Op, I was in your situation years ago.

I was young when I had my son. My DP always drank a lot, as did I if I'm honest, but the birth of our son changed that for me.

My partner however, carried on. He'd always minimise his drinking, saying he wasn't an alcoholic as he worked and he didn't drink until the evening.

He did work sporadically, but would often lose his job due to his drinking. He would drink every night until he passed out and would wet himself.

If he was working, every Friday evening I'd wait for him to come home; knowing that if he didn't arrive by 6pm, then he'd be on another of his benders.

He would often disappear the whole weekend and I'd have no idea where he was.

He stole from me to buy drink. He stole from our son to buy drink.

I'd find empty bottles under my sons cot, down the side of the sofa, hidden down the back of the oven, in the attic, in the garden.

I spent my time walking on eggshells. Afraid of upsetting him when drunk for fear he'd punch walls, slam doors and shout and scream. My son witnessed this and was afraid.

He blamed his drinking on me- saying I nagged too much or that I made him unhappy.

I finally made him leave one day, when I'd woken him up as his work was ringing him asking where he was. He was so drunk, he was still incoherent at 11.30am.
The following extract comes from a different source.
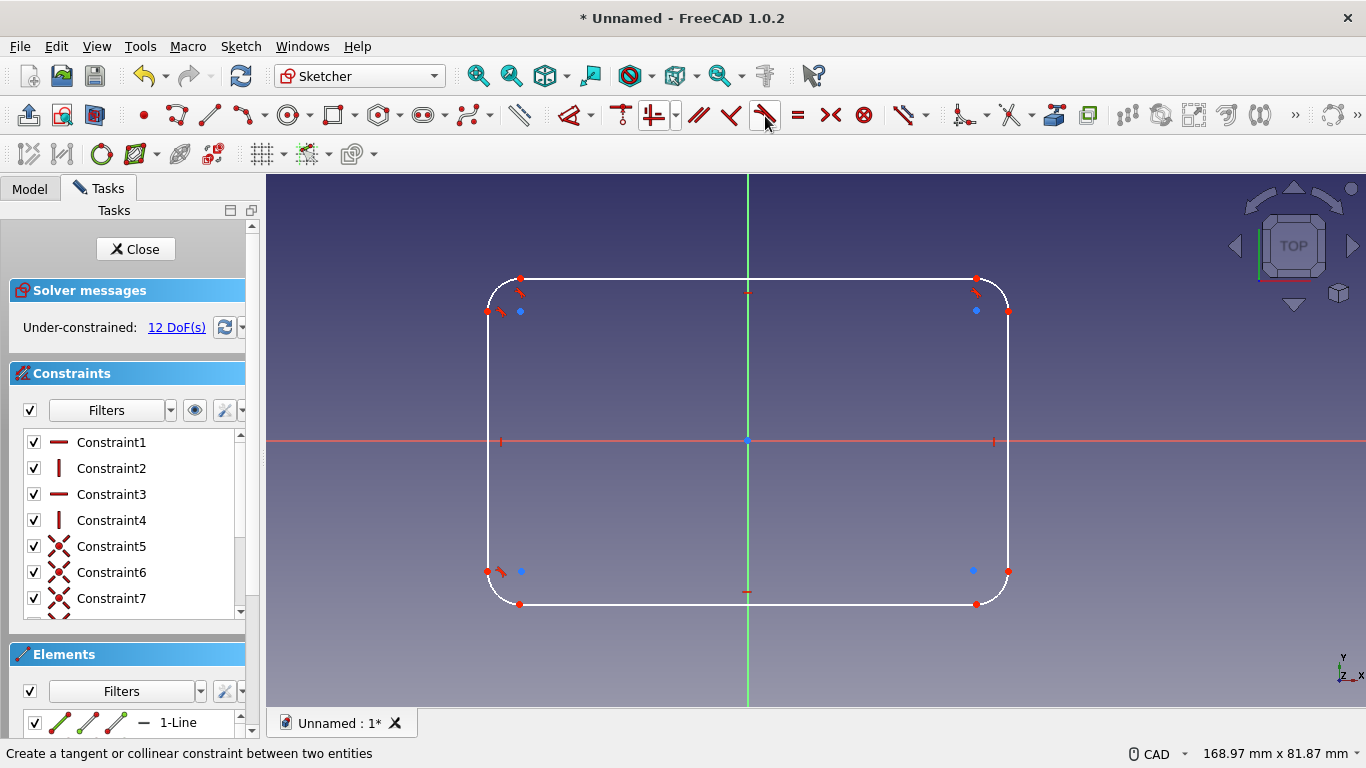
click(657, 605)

He eventually got up and started punching walls and screaming abuse at me. I had my son in my arms who was screaming in terror. He was 2 years old.

I attempted to ring the police and he ripped the phone from the wall. Luckily the call must have gone through and the police arrived at my door and took him away.

He didn't bother seeing my son, instead, he chose to drink himself to oblivion and ended up in a homeless hostel where they attempted to support him to stop drinking. It didn't work.

When my son was 9 years old, I was told his father was dying. He was only 30 years old.

I got in contact with him again and he was trying not to drink. I agreed to let him see my son for weekly supervised visits on the provision that if he turned up drunk, I'd send him away.

He managed about 8 of these visits and then passed away aged 30.

My son doesn't remember any of the violence or abuse and doesn't remember his Dad as a drunk. He does know however that his Dad chose to drink rather than have a relationship with him.

You can't change an alcoholic. You can, however, improve your son's life by getting away from this man.

You are bringing your son up in an abusive environment. Get out now before too much damage is done.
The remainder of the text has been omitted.